[AVAILABLE DATA Boundary: Start]
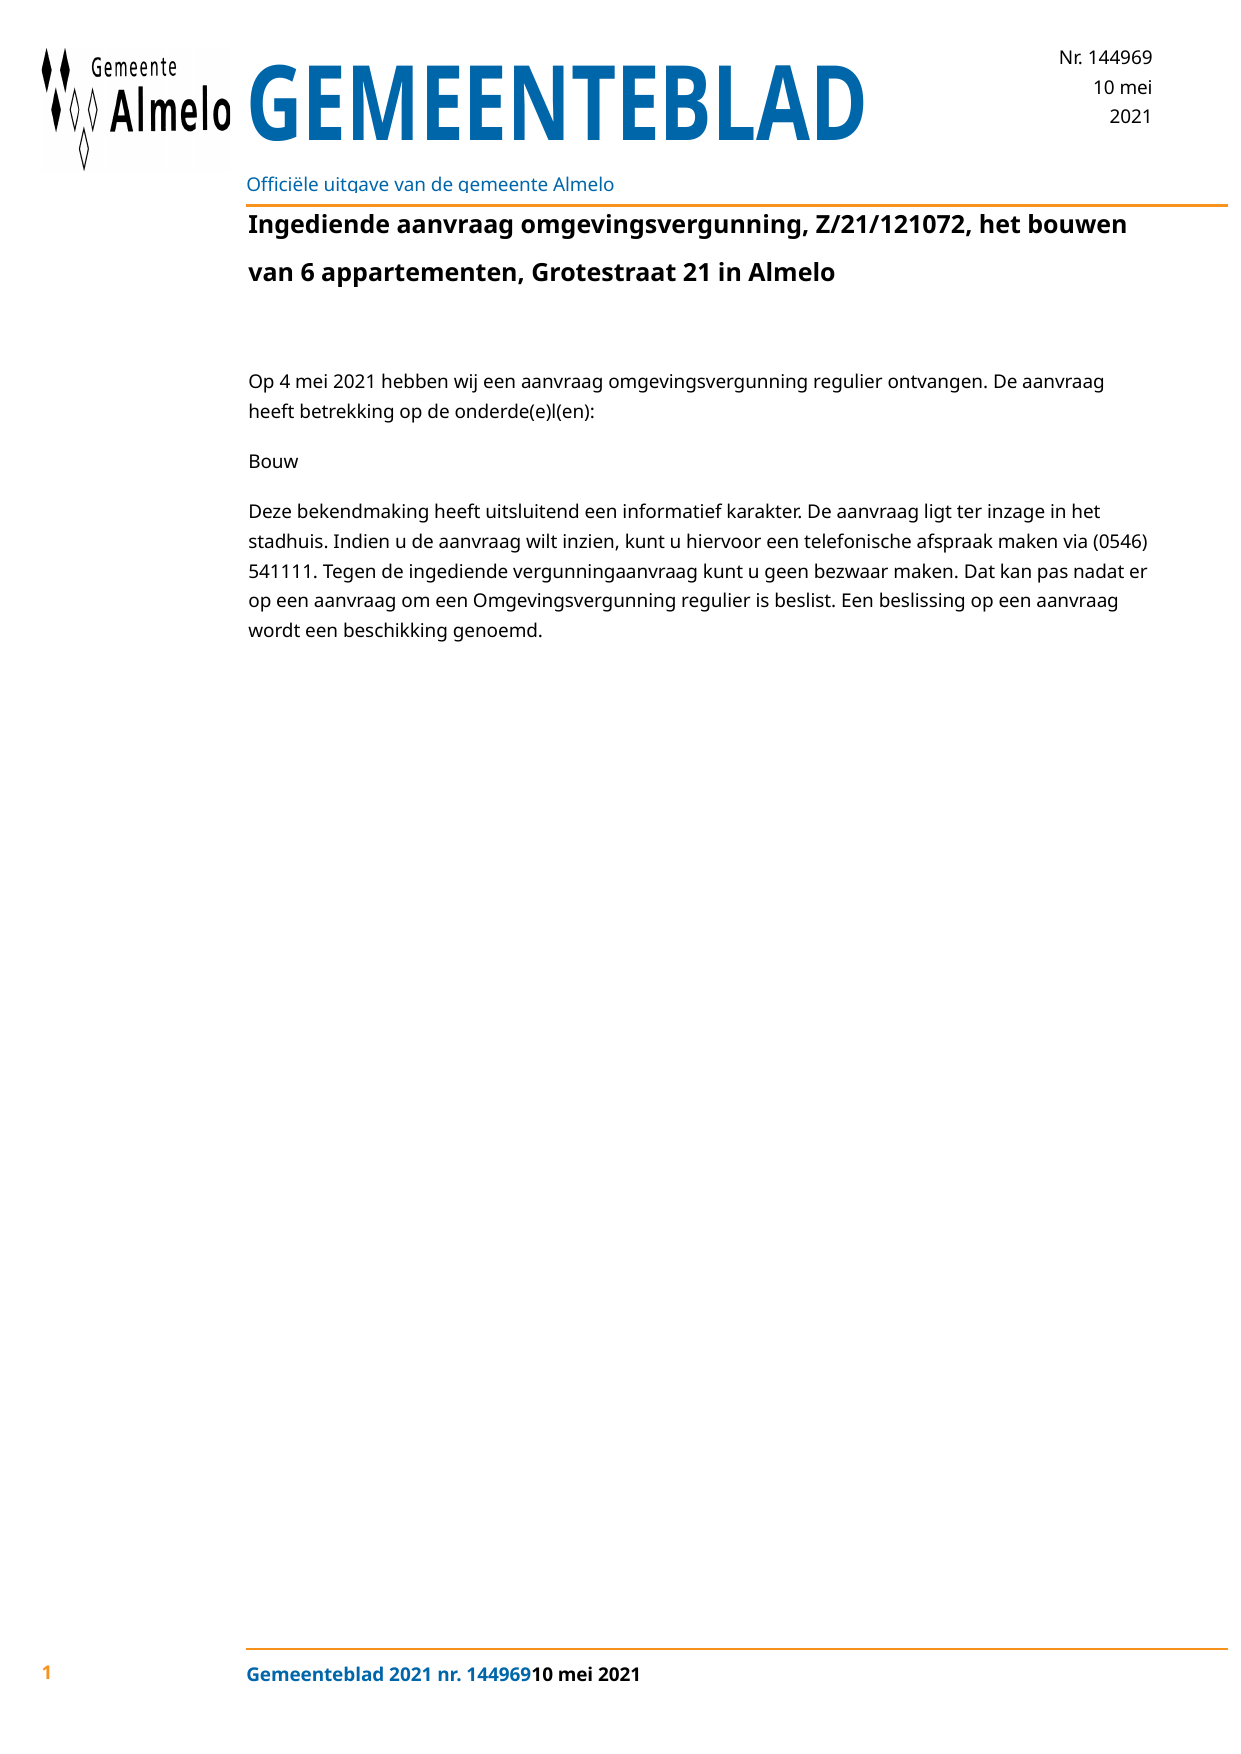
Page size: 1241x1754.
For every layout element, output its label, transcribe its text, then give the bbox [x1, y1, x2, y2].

text Op 4 mei 2021 hebben wij een aanvraag omgevingsvergunning regulier ontvangen. De aanvraag heeft betrekking op de onderde(e)l(en): [248, 368, 1152, 424]
text Bouw [248, 448, 1152, 474]
picture [41, 47, 231, 172]
text Ingediende aanvraag omgevingsvergunning, Z/21/121072, het bouwen van 6 appartementen, Grotestraat 21 in Almelo [248, 207, 1152, 288]
text Deze bekendmaking heeft uitsluitend een informatief karakter. De aanvraag ligt ter inzage in het stadhuis. Indien u de aanvraag wilt inzien, kunt u hiervoor een telefonische afspraak maken via (0546) 541111. Tegen de ingediende vergunningaanvraag kunt u geen bezwaar maken. Dat kan pas nadat er op een aanvraag om een Omgevingsvergunning regulier is beslist. Een beslissing op een aanvraag wordt een beschikking genoemd. [248, 499, 1152, 643]
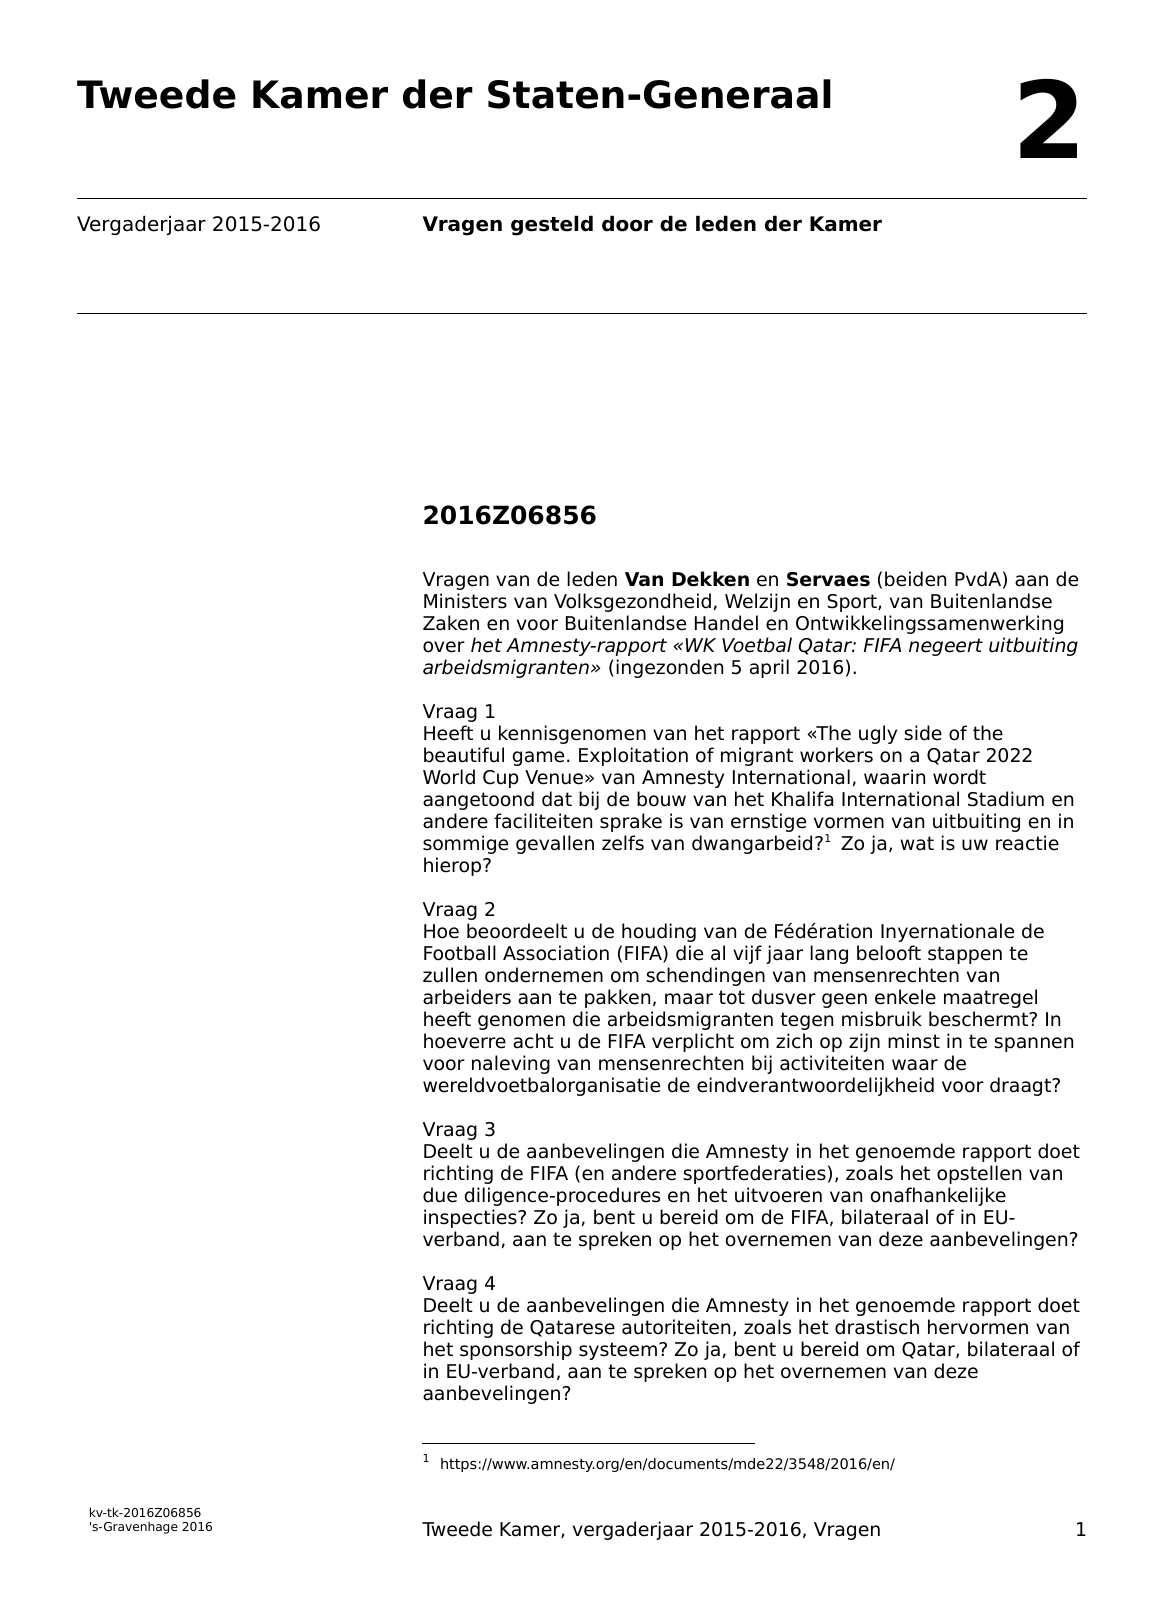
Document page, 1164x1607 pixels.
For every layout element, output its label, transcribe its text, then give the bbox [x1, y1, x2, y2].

text Vraag 1 [422, 701, 1087, 723]
text 's-Gravenhage 2016 [88, 1520, 323, 1534]
table_header Tweede Kamer der Staten-Generaal [77, 59, 886, 198]
table_cell Vragen gesteld door de leden der Kamer [422, 199, 1087, 313]
text Deelt u de aanbevelingen die Amnesty in het genoemde rapport doet richting de Qatarese autoriteiten, zoals het drastisch hervormen van het sponsorship systeem? Zo ja, bent u bereid om Qatar, bilateraal of in EU-verband, aan te spreken op het overnemen van deze aanbevelingen? [422, 1295, 1087, 1405]
text Vragen van de leden Van Dekken en Servaes (beiden PvdA) aan de Ministers van Volksgezondheid, Welzijn en Sport, van Buitenlandse Zaken en voor Buitenlandse Handel en Ontwikkelingssamenwerking over het Amnesty-rapport «WK Voetbal Qatar: FIFA negeert uitbuiting arbeidsmigranten» (ingezonden 5 april 2016). [422, 569, 1087, 679]
table_cell Vergaderjaar 2015-2016 [77, 199, 422, 313]
text https://www.amnesty.org/en/documents/mde22/3548/2016/en/ [422, 1452, 1087, 1474]
text Vraag 2 [422, 899, 1087, 921]
text Deelt u de aanbevelingen die Amnesty in het genoemde rapport doet richting de FIFA (en andere sportfederaties), zoals het opstellen van due diligence-procedures en het uitvoeren van onafhankelijke inspecties? Zo ja, bent u bereid om de FIFA, bilateraal of in EU-verband, aan te spreken op het overnemen van deze aanbevelingen? [422, 1141, 1087, 1251]
text kv-tk-2016Z06856 [88, 1506, 323, 1520]
text Vraag 3 [422, 1119, 1087, 1141]
text Vraag 4 [422, 1273, 1087, 1295]
table_header 2 [886, 59, 1087, 198]
text 2016Z06856 [422, 501, 1087, 531]
text Hoe beoordeelt u de houding van de Fédération Inyernationale de Football Association (FIFA) die al vijf jaar lang belooft stappen te zullen ondernemen om schendingen van mensenrechten van arbeiders aan te pakken, maar tot dusver geen enkele maatregel heeft genomen die arbeidsmigranten tegen misbruik beschermt? In hoeverre acht u de FIFA verplicht om zich op zijn minst in te spannen voor naleving van mensenrechten bij activiteiten waar de wereldvoetbalorganisatie de eindverantwoordelijkheid voor draagt? [422, 921, 1087, 1097]
text Heeft u kennisgenomen van het rapport «The ugly side of the beautiful game. Exploitation of migrant workers on a Qatar 2022 World Cup Venue» van Amnesty International, waarin wordt aangetoond dat bij de bouw van het Khalifa International Stadium en andere faciliteiten sprake is van ernstige vormen van uitbuiting en in sommige gevallen zelfs van dwangarbeid? Zo ja, wat is uw reactie hierop? [422, 723, 1087, 877]
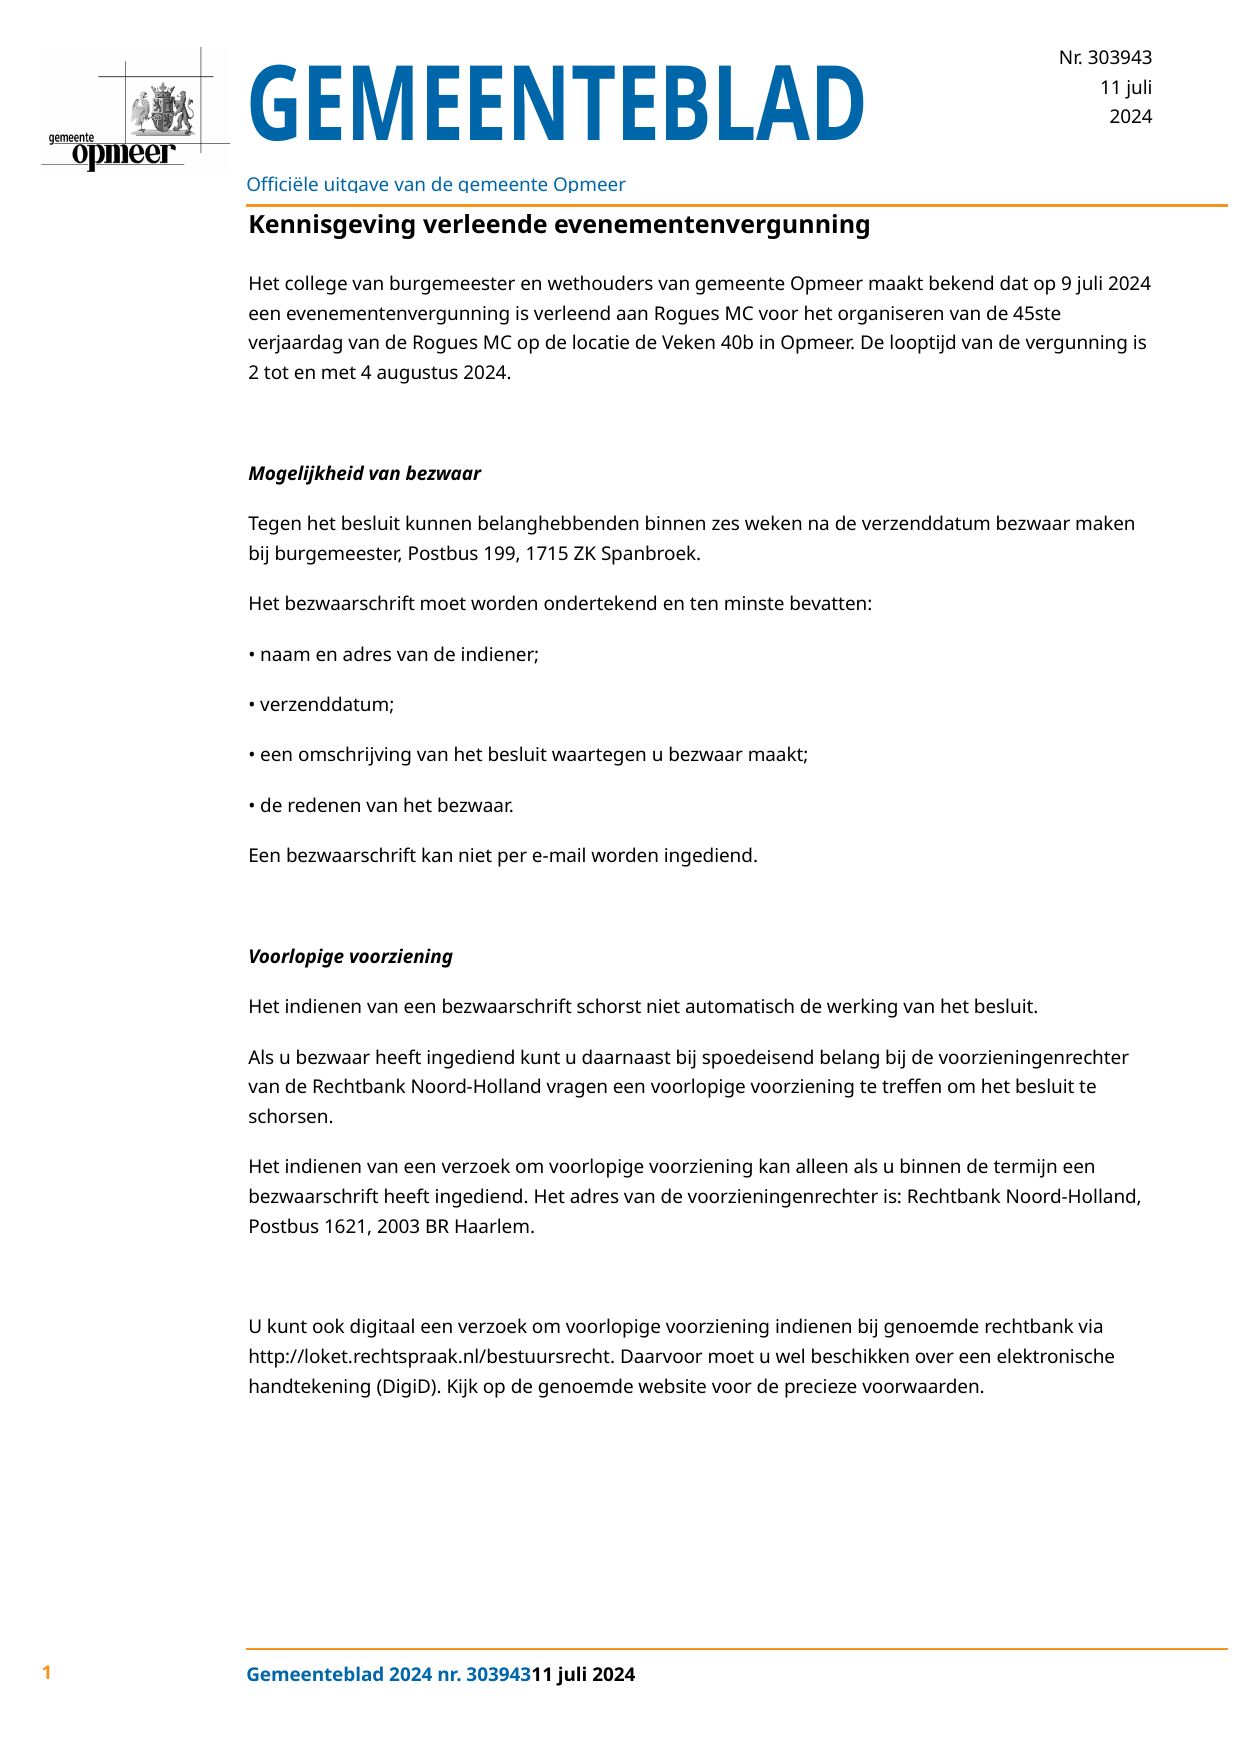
[AVAILABLE DATA Boundary: End]
> **THE TASK**: For this exercise, repeat exactly the lines of the data above from the one with "table_cell Vergaderjaar 2015-2016" down to the one with "text Hoe beoordeelt", both end lines included.

> **EXERCISE RESPONSE**:
table_cell Vergaderjaar 2015-2016 [77, 199, 422, 313]
text https://www.amnesty.org/en/documents/mde22/3548/2016/en/ [422, 1452, 1087, 1474]
text Vraag 2 [422, 899, 1087, 921]
text Deelt u de aanbevelingen die Amnesty in het genoemde rapport doet richting de FIFA (en andere sportfederaties), zoals het opstellen van due diligence-procedures en het uitvoeren van onafhankelijke inspecties? Zo ja, bent u bereid om de FIFA, bilateraal of in EU-verband, aan te spreken op het overnemen van deze aanbevelingen? [422, 1141, 1087, 1251]
text kv-tk-2016Z06856 [88, 1506, 323, 1520]
text Vraag 3 [422, 1119, 1087, 1141]
text Vraag 4 [422, 1273, 1087, 1295]
table_header 2 [886, 59, 1087, 198]
text 2016Z06856 [422, 501, 1087, 531]
text Hoe beoordeelt u de houding van de Fédération Inyernationale de Football Association (FIFA) die al vijf jaar lang belooft stappen te zullen ondernemen om schendingen van mensenrechten van arbeiders aan te pakken, maar tot dusver geen enkele maatregel heeft genomen die arbeidsmigranten tegen misbruik beschermt? In hoeverre acht u de FIFA verplicht om zich op zijn minst in te spannen voor naleving van mensenrechten bij activiteiten waar de wereldvoetbalorganisatie de eindverantwoordelijkheid voor draagt? [422, 921, 1087, 1097]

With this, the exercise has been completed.